AIMS: Granulocyte Colony-Stimulating Factor (G-CSF), which mobilizes hemopoietic stem cells (HSC), is believed to protect HSC graft recipients from graft-versus-host disease by enhancing Th2 cytokine secretion. Accordingly, G-CSF should aggravate Th2-dependent allergic pulmonary inflammation and the associated eosinophilia. We evaluated the effects of G-CSF in a model of allergic pulmonary inflammation. MAIN METHODS: Allergic pulmonary inflammation was induced by repeated aerosol allergen challenge in ovalbumin-sensitized C57BL/6J mice. The effects of allergen challenge and of G-CSF pretreatment were evaluated by monitoring: a) eosinophilia and cytokine/chemokine content of bronchoalveolar lavage fluid, pulmonary interstitium, and blood; b) changes in airway resistance; and c) changes in bone-marrow eosinophil production. KEY FINDINGS: Contrary to expectations, G-CSF pretreatment neither induced nor enhanced allergic pulmonary inflammation. Instead, G-CSF: a) suppressed accumulation of infiltrating eosinophils in bronchoalveolar, peribronchial and perivascular spaces of challenged lungs; and b) prevented ovalbumin challenge-induced rises in airway resistance.

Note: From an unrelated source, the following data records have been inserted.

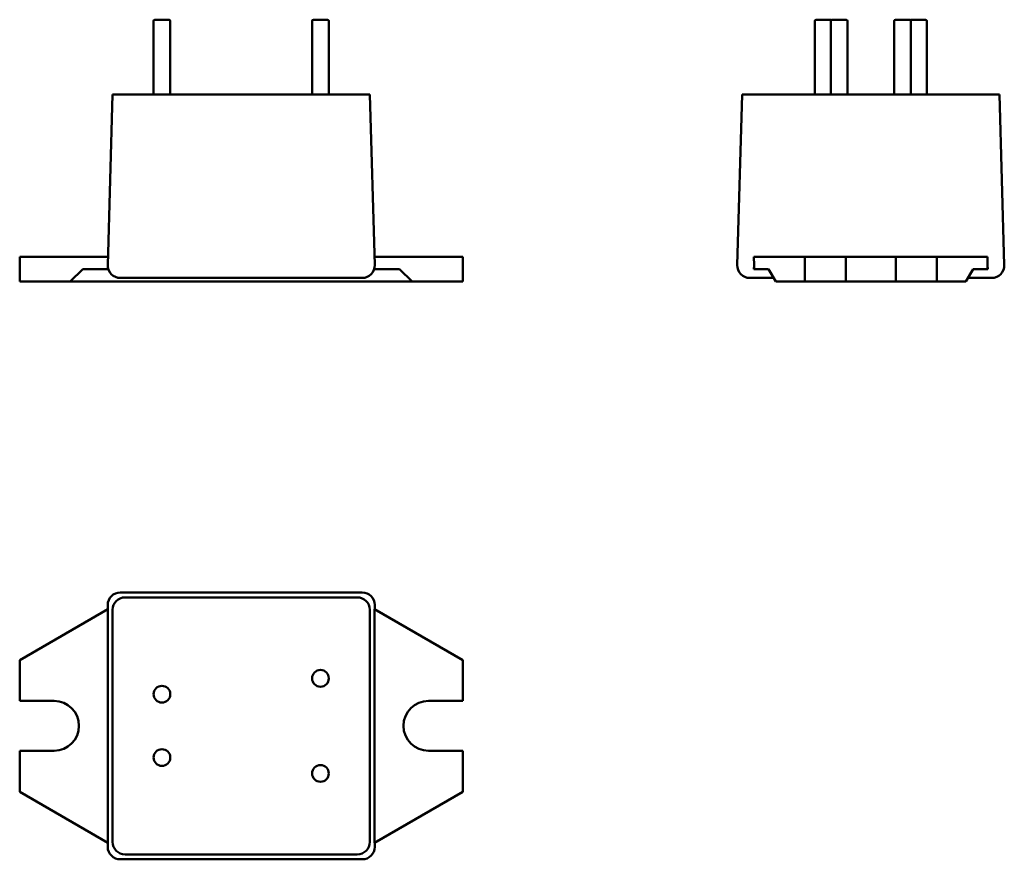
# Model space of a CAD drawing. Header units: millimetres. Extents: x 16.3 to 95.2, y 61.9 to 129.2.
import ezdxf

# ---------------------------------------------------------------- set-up
doc = ezdxf.new("R2010")
doc.units = ezdxf.units.MM
doc.header["$LTSCALE"] = 0.5
doc.layers.add('Arêtes visibles(celduc)', color=7, linetype='Continuous', lineweight=50)

msp = doc.modelspace()

# ---------------------------------------------------------------- linework, layer by layer
at = {"layer": 'Arêtes visibles(celduc)'}
for p, q in [((27.003, 129.114), (27.003, 123.214)), ((27.103, 129.214), (28.243, 129.214)), ((28.343, 129.114), (28.343, 123.214)), ((39.703, 129.114), (39.703, 123.214)), ((39.803, 129.214), (40.943, 129.214)), ((41.043, 129.114), (41.043, 123.214)), ((79.989, 129.114), (79.989, 123.214)), ((80.089, 129.214), (81.229, 129.214)), ((81.259, 129.114), (81.259, 123.214)), ((81.359, 129.214), (82.499, 129.214)), ((82.599, 129.114), (82.599, 123.214)), ((86.339, 129.114), (86.339, 123.214)), ((86.439, 129.214), (87.579, 129.214)), ((87.679, 129.114), (87.679, 123.214)), ((87.709, 129.214), (88.849, 129.214)), ((88.949, 129.114), (88.949, 123.214)), ((23.722, 123.214), (23.328, 109.543)), ((23.722, 123.214), (24.721, 123.214)), ((43.325, 123.214), (24.721, 123.214)), ((43.325, 123.214), (44.325, 123.214)), ((44.719, 109.543), (44.325, 123.214)), ((74.167, 123.214), (73.773, 109.543)), ((74.167, 123.214), (75.167, 123.214)), ((93.771, 123.214), (75.167, 123.214)), ((93.771, 123.214), (94.77, 123.214)), ((95.164, 109.543), (94.77, 123.214)), ((23.347, 110.214), (16.273, 110.214)), ((16.273, 108.214), (16.273, 110.214)), ((51.773, 110.214), (44.699, 110.214)), ((51.773, 108.214), (51.773, 110.214)), ((75.106, 110.214), (75.117, 109.543)), ((79.19, 110.214), (75.106, 110.214)), ((79.19, 108.214), (79.19, 110.214)), ((82.469, 110.214), (79.19, 110.214)), ((86.469, 110.214), (82.469, 110.214)), ((82.469, 108.214), (82.469, 110.214)), ((89.747, 110.214), (86.469, 110.214)), ((86.469, 108.214), (86.469, 110.214)), ((93.831, 110.214), (89.747, 110.214)), ((89.747, 108.214), (89.747, 110.214)), ((93.82, 109.543), (93.831, 110.214)), ((20.329, 108.214), (21.333, 109.214)), ((21.333, 109.214), (23.374, 109.214)), ((44.673, 109.214), (46.714, 109.214)), ((46.714, 109.214), (47.718, 108.214)), ((75.091, 109.214), (76.269, 109.214)), ((76.269, 109.214), (76.849, 108.214)), ((92.089, 108.214), (92.669, 109.214)), ((92.669, 109.214), (93.847, 109.214)), ((16.273, 108.214), (20.329, 108.214)), ((47.718, 108.214), (20.329, 108.214)), ((24.328, 108.514), (43.719, 108.514)), ((47.718, 108.214), (51.773, 108.214)), ((74.773, 108.514), (76.675, 108.514)), ((76.849, 108.214), (79.19, 108.214)), ((79.19, 108.214), (82.469, 108.214)), ((82.469, 108.214), (86.469, 108.214)), ((86.469, 108.214), (89.747, 108.214)), ((89.747, 108.214), (92.089, 108.214)), ((92.263, 108.514), (94.164, 108.514)), ((43.719, 83.302), (24.328, 83.302)), ((24.721, 82.908), (43.325, 82.908)), ((23.328, 82.302), (23.328, 81.958)), ((44.719, 81.958), (44.719, 82.302)), ((16.273, 77.885), (23.347, 81.969)), ((23.347, 63.244), (23.347, 81.969)), ((23.722, 63.305), (23.722, 81.909)), ((44.325, 81.909), (44.325, 63.305)), ((44.699, 81.969), (44.699, 63.244)), ((44.699, 81.969), (51.773, 77.885)), ((16.273, 74.607), (16.273, 77.885)), ((51.773, 77.885), (51.773, 74.607)), ((19.023, 74.607), (16.273, 74.607)), ((51.773, 74.607), (49.023, 74.607)), ((16.273, 70.607), (19.023, 70.607)), ((16.273, 67.328), (16.273, 70.607)), ((49.023, 70.607), (51.773, 70.607)), ((51.773, 70.607), (51.773, 67.328)), ((23.347, 63.244), (16.273, 67.328)), ((51.773, 67.328), (44.699, 63.244)), ((23.328, 63.255), (23.328, 62.911)), ((44.719, 62.911), (44.719, 63.255)), ((24.328, 61.911), (43.719, 61.911)), ((43.325, 62.305), (24.721, 62.305))]:
    msp.add_line(p, q, dxfattribs=at)
for centre in [(40.373, 76.417), (27.673, 75.147), (27.673, 70.067), (40.373, 68.797)]:
    msp.add_circle(centre, 0.67, dxfattribs=at)
for centre, radius, start, end in [((27.103, 129.114), 0.1, 90, 180), ((28.243, 129.114), 0.1, 0, 90), ((39.803, 129.114), 0.1, 90, 180), ((40.943, 129.114), 0.1, 0, 90), ((80.089, 129.114), 0.1, 90, 180), ((81.229, 129.114), 0.1, 49.4584, 90), ((81.359, 129.114), 0.1, 90, 180), ((82.499, 129.114), 0.1, 0, 90), ((86.439, 129.114), 0.1, 90, 180), ((87.579, 129.114), 0.1, 0, 90), ((87.709, 129.114), 0.1, 90, 130.5416), ((88.849, 129.114), 0.1, 0, 90), ((24.328, 109.514), 1, 178.35, 270), ((43.719, 109.514), 1, 270, 1.65), ((74.773, 109.514), 1, 178.35, 270), ((94.164, 109.514), 1, 270, 1.65), ((24.328, 82.302), 1, 90, 180), ((43.719, 82.302), 1, 0, 90), ((19.023, 72.607), 2, 270, 90), ((49.023, 72.607), 2, 90, 270), ((24.328, 62.911), 1, 180, 270), ((43.719, 62.911), 1, 270, 0)]:
    msp.add_arc(centre, radius, start, end, dxfattribs=at)
for centre, major_axis, ratio, start_param, end_param in [((74.54, 109.514), (0, -1), 0.57735, 1.266104, 1.599594), ((94.397, 109.514), (0, 1), 0.57735, 1.541998, 1.875489), ((24.722, 81.908), (-0.708, 0.708), 0.999171, 5.498202, 7.068169), ((43.325, 81.908), (0.708, 0.708), 0.999171, 5.498202, 7.068169), ((24.722, 63.306), (-0.708, -0.708), 0.999171, 5.498202, 7.068169), ((43.325, 63.306), (0.708, -0.708), 0.999171, 5.498202, 7.068169)]:
    msp.add_ellipse(centre, major_axis=major_axis, ratio=ratio, start_param=start_param, end_param=end_param, dxfattribs=at)

doc.saveas('drawing.dxf')

G-CSF had multiple regulatory effects on cytokine and chemokine production: in bronchoalveolar lavage fluid, levels of IL-1 and IL-12 (p40), eotaxin and MIP-1a were decreased; in plasma, KC, a neutrophil chemoattractant, was increased, while IL-5 was decreased and eotaxin was unaffected. In bone-marrow, G-CSF: a) prevented the increase in bone-marrow eosinophil production induced by ovalbumin challenge of sensitized mice; and b) selectively stimulated neutrophil colony formation. SIGNIFICANCE: These observations challenge the view that G-CSF deviates cytokine production towards a Th2 profile in vivo, and suggest that this neutrophil-selective hemopoietin affects eosinophilic inflammation by a combination of effects on lung cytokine production and bone-marrow hemopoiesis.

Inducible nitric oxide synthase/CD95L-dependent suppression of pulmonary and bone marrow eosinophilia by diethylcarbamazine.

RATIONALE: The mechanism of action of diethylcarbamazine (DEC), an antifilarial drug effective against tropical pulmonary eosinophilia, remains controversial. DEC effects on microfilariae depend on inducible NO synthase (iNOS). In eosinophilic pulmonary inflammation, its therapeutic mechanism has not been established. We previously described the rapid up-regulation of bone marrow eosinophilopoiesis in ovalbumin (OVA)-sensitized mice by airway allergen challenge, and further evidenced the down-regulation of eosinophilopoiesis by iNOS- and CD95L-dependent mechanisms. OBJECTIVES: We investigated whether: (1) DEC can prevent the effects of airway challenge of sensitized mice on lungs and bone marrow, and (2) its effectiveness depends on iNOS/CD95L. METHODS: OVA-sensitized BALB/c mice were intranasally challenged for 3 consecutive days, with DEC administered over a 12-, 3-, or 2-day period, ending at the day of the last challenge. We evaluated: (1) airway resistance, cytokine (IFN-gamma, IL-4, IL-5, and eotaxin) production, and pulmonary eosinophil accumulation; and (2) bone marrow eosinophil numbers in vivo and eosinophil differentiation ex vivo. MEASUREMENTS AND MAIN RESULTS: DEC effectively prevented the effects of subsequent challenges on: (1) airway resistance, Th1/Th2 cytokine production, and pulmonary eosinophil accumulation; and (2) eosinophilopoiesis in vivo and ex vivo. Recovery from unprotected challenges included full responses to DEC during renewed challenges. DEC directly suppressed IL-5-dependent eosinophilopoiesis in naive bone marrow. DEC was ineffective in CD95L-deficient gld mice and in mice lacking iNOS activity because of gene targeting or pharmacological blockade. CONCLUSIONS: DEC has a strong impact on pulmonary eosinophilic inflammation in allergic mice, as well as on the underlying hemopoietic response, suppressing the eosinophil lineage by an iNOS/CD95L-dependent mechanism.